Luis Bermejo Rojo (12 August 1931 – 12 December 2015) was a Spanish illustrator and comics artist known for his work published in Spain, Italy, Great Britain, and the United States. He has illustrated a number of novels, and worked for a while with DC Comics.

Biography 

Bermejo initially learned the trade as the assistant of Manuel Gago, before he began his comic book artist career in Britain in the late 1950s when through the agency A.L.I., he worked in the titles Girls' Crystal and Tarzan Weekly.  He worked on Thriller Picture, John Steel, War, Battle Picture Libraries, and Pike Mason in the early 1960s. In 1962 he started drawing the war-themed comic strip Mann of Battle for The Eagle, and would draw the strip Heros the Spartan for that title in 1963. Later in the 1960s he would draw the super hero Johnny Future.  For much of the 1960s, Bermejo worked out of a studio in Valencia, Spain for the agency Bardon Arts with other artists including José Ortiz, Miguel Quesada, and Emilio Frego. These artists including Bermejo started working with Italian agent Pierro D'Ami in 1968, where they would do many paintings for books and magazines.  During this period Bermejo would do a number of comic strips for the magazines Tell Me Why, Once Upon a Time, Look and Learn and Tiny Tots.
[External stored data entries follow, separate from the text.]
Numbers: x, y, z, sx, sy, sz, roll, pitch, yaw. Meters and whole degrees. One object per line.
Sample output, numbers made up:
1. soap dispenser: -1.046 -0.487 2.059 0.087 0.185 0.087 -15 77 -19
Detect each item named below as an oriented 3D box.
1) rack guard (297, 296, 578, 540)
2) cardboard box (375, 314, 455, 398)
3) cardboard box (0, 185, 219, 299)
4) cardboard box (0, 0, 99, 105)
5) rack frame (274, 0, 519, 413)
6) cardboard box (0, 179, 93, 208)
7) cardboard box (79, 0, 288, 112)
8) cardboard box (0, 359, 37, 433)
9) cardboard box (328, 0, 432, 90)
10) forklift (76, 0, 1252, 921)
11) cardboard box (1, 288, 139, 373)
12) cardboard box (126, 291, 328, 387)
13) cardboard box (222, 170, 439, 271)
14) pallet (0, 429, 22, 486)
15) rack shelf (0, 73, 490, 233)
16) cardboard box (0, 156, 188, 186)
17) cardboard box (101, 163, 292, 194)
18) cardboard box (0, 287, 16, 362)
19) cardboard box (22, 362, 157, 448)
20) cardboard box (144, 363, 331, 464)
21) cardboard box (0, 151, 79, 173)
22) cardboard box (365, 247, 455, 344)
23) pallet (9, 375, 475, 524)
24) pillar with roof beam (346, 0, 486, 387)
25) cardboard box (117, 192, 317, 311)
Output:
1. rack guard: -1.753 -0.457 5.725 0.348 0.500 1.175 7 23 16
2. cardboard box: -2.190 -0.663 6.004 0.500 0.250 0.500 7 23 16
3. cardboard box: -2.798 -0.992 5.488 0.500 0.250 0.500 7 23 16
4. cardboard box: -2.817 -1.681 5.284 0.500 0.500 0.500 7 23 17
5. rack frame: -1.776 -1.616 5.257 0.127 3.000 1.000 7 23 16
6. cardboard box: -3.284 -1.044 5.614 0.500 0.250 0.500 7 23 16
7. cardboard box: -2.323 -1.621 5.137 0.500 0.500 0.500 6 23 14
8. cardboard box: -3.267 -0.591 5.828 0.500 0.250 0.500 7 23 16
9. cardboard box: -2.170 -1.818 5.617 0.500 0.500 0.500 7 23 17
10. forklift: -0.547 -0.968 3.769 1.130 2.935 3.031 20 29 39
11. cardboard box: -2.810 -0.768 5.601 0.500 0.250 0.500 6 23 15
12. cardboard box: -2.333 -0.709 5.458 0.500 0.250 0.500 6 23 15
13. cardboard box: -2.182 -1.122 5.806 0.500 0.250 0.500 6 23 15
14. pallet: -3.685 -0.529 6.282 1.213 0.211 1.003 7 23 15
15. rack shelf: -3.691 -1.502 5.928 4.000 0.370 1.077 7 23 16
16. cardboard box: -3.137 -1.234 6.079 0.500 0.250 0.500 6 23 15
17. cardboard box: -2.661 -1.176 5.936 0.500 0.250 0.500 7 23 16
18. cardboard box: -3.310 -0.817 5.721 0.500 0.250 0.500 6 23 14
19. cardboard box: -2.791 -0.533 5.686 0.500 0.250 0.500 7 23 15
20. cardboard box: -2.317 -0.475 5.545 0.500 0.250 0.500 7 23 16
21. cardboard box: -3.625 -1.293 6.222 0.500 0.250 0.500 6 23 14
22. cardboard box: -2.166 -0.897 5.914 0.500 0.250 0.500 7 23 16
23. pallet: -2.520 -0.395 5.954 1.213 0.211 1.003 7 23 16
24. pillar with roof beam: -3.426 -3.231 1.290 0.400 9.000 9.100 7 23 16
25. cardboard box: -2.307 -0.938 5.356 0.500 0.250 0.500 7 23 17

In 1974 Bermejo, along with fellow Valencia Studio artists José Ortiz and Leopoldo Sanchez joined the agency Selecciones Ilustradas and soon started working for Warren Publishing in U.S.A. Bermejo quickly became one of the most prolific artists for Warren, and would draw a total of 78 stories from 1974 through 1983, more than any other artist except for José Ortiz and Esteban Maroto.  Highlights of Bermejo's period with Warren included a full issue of Creepy (issue 71) dedicated to him, as well as the role of the primary artist for The Rook, which was Warren's most well known recurring character after Vampirella. Bermejo would also draw the serial The Fox in Vampirella in 1981 - 1982.  He would win the award for Best All Around Artist at Warren in 1981.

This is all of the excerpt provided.